Problem requirements: Among the lines of the listing below, count those with the string "Numbers". Give the number and no commentary.
(Data section Opens)
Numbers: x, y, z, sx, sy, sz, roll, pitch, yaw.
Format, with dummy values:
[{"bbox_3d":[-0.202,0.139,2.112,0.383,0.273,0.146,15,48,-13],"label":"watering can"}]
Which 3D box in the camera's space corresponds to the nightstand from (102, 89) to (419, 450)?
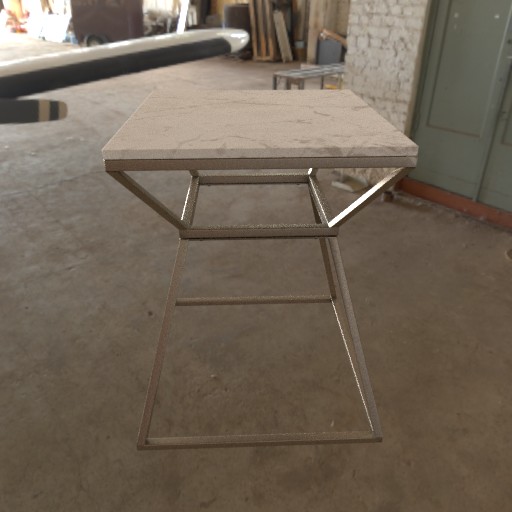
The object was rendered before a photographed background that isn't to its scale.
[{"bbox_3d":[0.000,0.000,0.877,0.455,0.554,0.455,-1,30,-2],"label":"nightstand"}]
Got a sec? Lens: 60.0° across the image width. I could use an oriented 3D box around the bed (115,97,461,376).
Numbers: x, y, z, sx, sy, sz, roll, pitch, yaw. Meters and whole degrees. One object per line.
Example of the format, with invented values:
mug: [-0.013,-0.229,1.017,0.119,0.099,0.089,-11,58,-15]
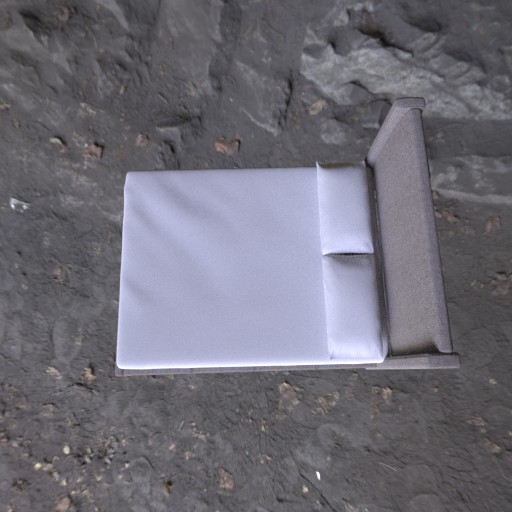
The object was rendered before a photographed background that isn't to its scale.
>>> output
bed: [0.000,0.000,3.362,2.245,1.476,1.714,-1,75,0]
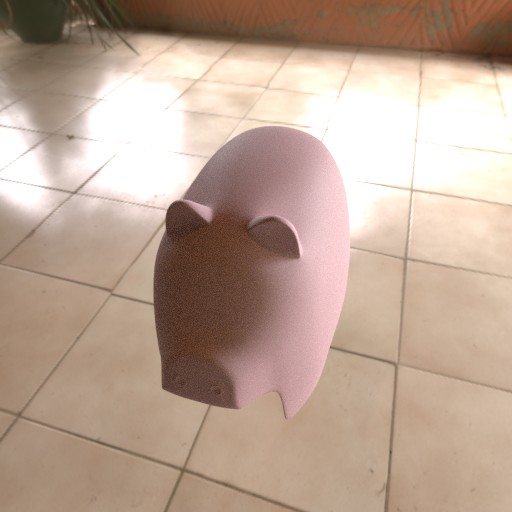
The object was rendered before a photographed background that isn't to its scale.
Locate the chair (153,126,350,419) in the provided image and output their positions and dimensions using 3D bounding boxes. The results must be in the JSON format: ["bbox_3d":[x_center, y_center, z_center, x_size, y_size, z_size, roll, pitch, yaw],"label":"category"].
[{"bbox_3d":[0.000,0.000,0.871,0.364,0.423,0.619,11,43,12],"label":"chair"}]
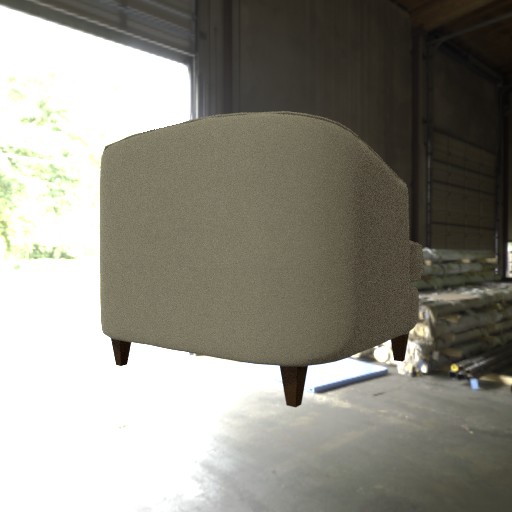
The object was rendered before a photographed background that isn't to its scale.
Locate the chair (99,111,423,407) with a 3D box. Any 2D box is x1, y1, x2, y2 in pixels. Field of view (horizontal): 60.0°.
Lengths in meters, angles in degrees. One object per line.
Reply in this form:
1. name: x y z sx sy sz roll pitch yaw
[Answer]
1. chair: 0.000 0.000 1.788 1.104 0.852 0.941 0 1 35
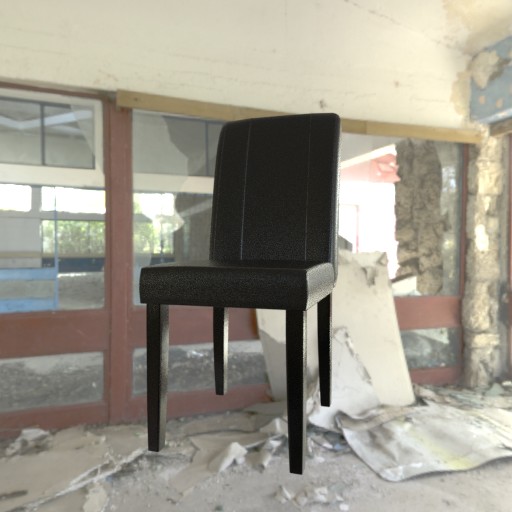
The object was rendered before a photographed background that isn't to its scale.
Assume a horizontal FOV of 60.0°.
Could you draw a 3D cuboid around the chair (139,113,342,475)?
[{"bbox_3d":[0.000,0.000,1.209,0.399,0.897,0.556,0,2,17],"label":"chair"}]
(Data section Closes)
(Data section Opens)
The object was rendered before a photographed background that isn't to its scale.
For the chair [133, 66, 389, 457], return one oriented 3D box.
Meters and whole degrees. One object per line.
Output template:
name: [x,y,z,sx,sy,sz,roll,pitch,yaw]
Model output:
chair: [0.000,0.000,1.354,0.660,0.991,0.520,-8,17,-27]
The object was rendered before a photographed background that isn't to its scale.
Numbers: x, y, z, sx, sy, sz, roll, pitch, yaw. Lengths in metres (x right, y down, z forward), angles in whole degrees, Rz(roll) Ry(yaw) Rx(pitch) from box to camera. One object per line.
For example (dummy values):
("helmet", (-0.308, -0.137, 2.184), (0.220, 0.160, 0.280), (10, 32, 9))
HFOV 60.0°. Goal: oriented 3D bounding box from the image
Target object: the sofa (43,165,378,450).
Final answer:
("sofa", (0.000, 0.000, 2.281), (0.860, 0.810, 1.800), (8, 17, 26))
(Data section Closes)
Completed exercise: 3